Congress created Fannie Mae and Freddie Mac, the No. 1 and No. 2 U.S. buyers and guarantors of home mortgages, to inject money into the home-loan market. They buy mortgages and bundle them into securities for sale to investors worldwide.
The director of the Office of Federal Housing Enterprise Oversight, which has been investigating Fannie Mae's accounting since last year, was testifying Wednesday before a House subcommittee on the company's new agreement with the agency to set up policies to prevent faulty bookkeeping and make governance changes.
Armando Falcon, a Democrat appointed by President Clinton, told President Bush in a letter Tuesday that he will step down on May 20. He submitted his resignation two years ago but stayed on to deal with problems at the companies.
Rep. Richard Baker, R-La., chairman of the House subcommittee that oversees Fannie Mae and Freddie Mac, proposed legislation that would strengthen the government's hand over them.
"The terrible troubles at Fannie Mae make it painfully clear that major reforms are necessary to strengthen regulatory oversight" of the two companies "to reduce the risks to taxpayers and investors, and to improve our commitment to serving America's homebuyers," Baker said at a news conference Tuesday.
In a departure from previous legislation, the Baker bill would create a regulatory agency to reduce the size of their multibillion-dollar portfolio holdings. The portfolios include home mortgages and other investments, some of which have been criticized as not comporting with the companies' mission to make homeownership more affordable.
Under the bill, the new agency could compel Fannie Mae and Freddie Mac to sell off any assets it deemed to be "not in the public interest."
Several other Republican lawmakers, including House Financial Services Committee Chairman Michael Oxley of Ohio and Rep. Christopher Shays of Connecticut, are co-sponsors of Baker's bill. In the Senate, Chuck Hagel, R-Neb., has put forward similar legislation.
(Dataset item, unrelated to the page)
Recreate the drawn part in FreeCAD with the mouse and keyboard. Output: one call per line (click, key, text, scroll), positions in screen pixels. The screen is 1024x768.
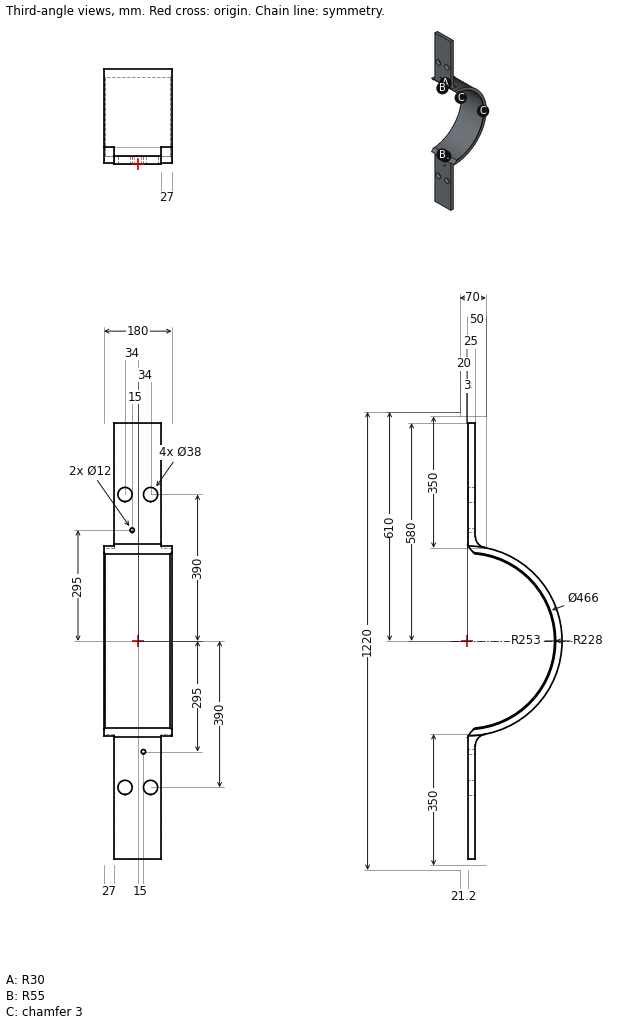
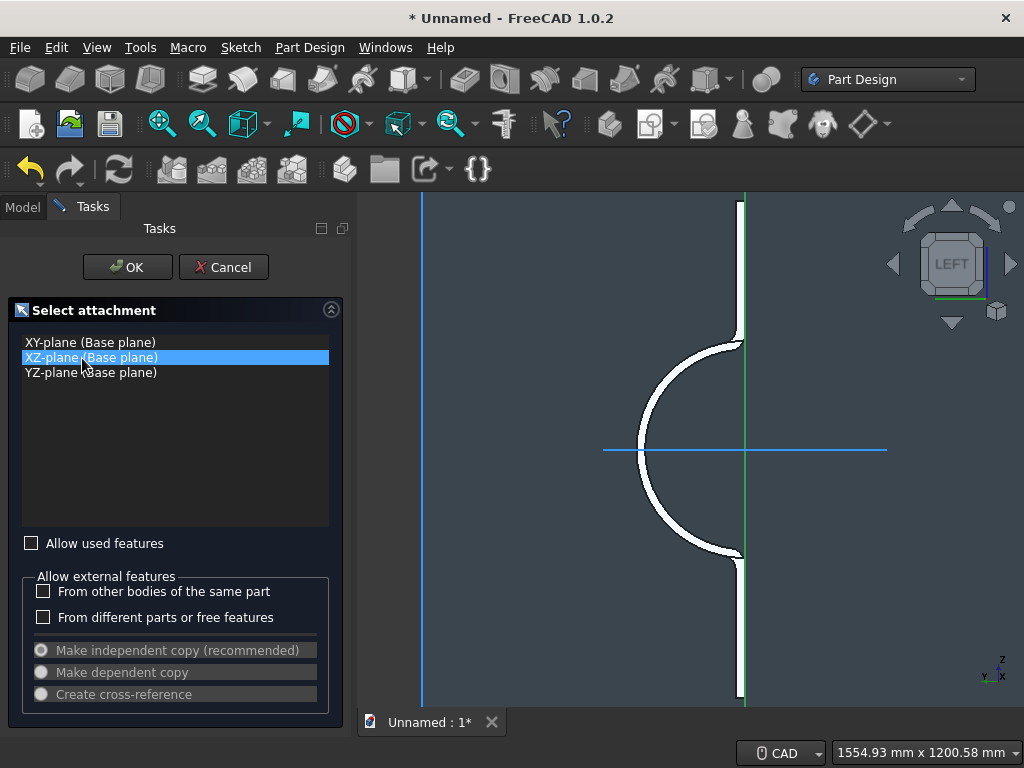
click(128, 267)
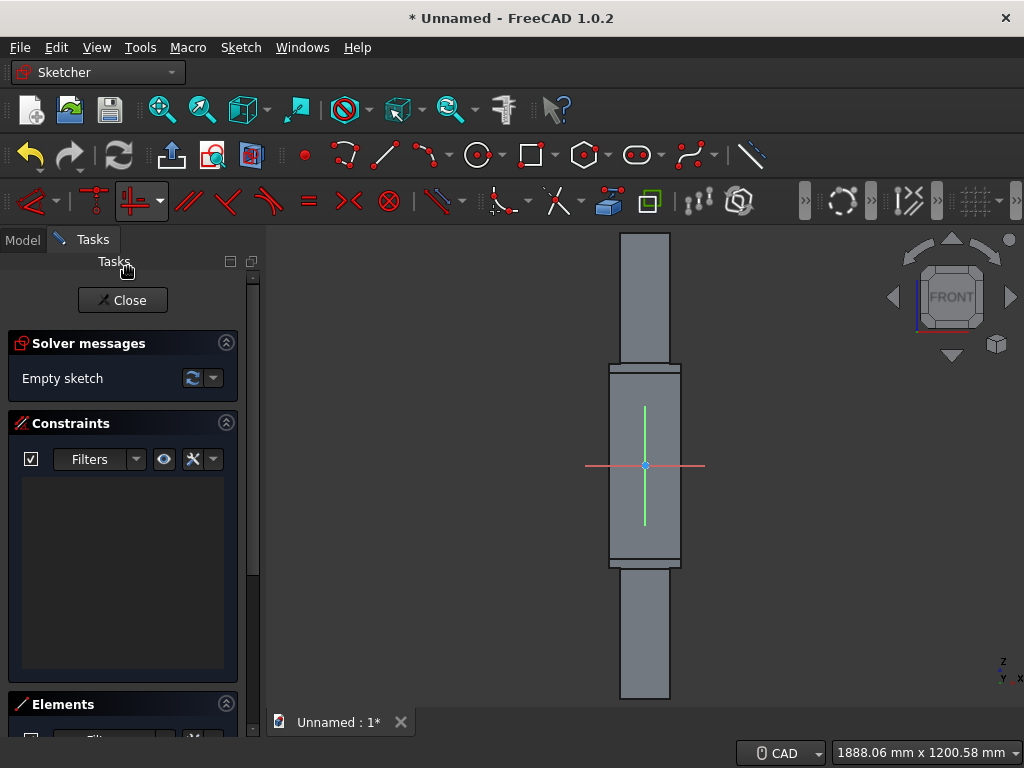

Federal Reserve Chairman Alan Greenspan, whose views carry formidable weight with lawmakers, suggested in February that Congress consider placing limits on the two companies' massive portfolios. Greenspan said he did not see an immediate risk to the U.S. financial system from their holdings, but he said that could change.
Federal regulators last year accused Fannie Mae of serious accounting problems and earnings manipulation to meet Wall Street's quarterly targets. The Securities and Exchange Commission ordered the company to restate its earnings back to 2001, a correction that could reach an estimated $11 billion.
Freddie Mac has emerged from an accounting debacle that became known in June 2003 with the ouster of three top executives and the disclosure that it misstated earnings by $5 billion for 2000-2002.
The two companies enjoy huge support in Congress. They have been generous contributors to lawmakers of both parties and have supported housing projects around the country.
House Democrats haven't signed on to Baker's bill.
Shays, like Baker a longtime critic of the two companies, said, "Politically, it's going to be a very tough bill to pass." Still, Shays said, he would have considered it impossible before now. "I'll take tough over impossible."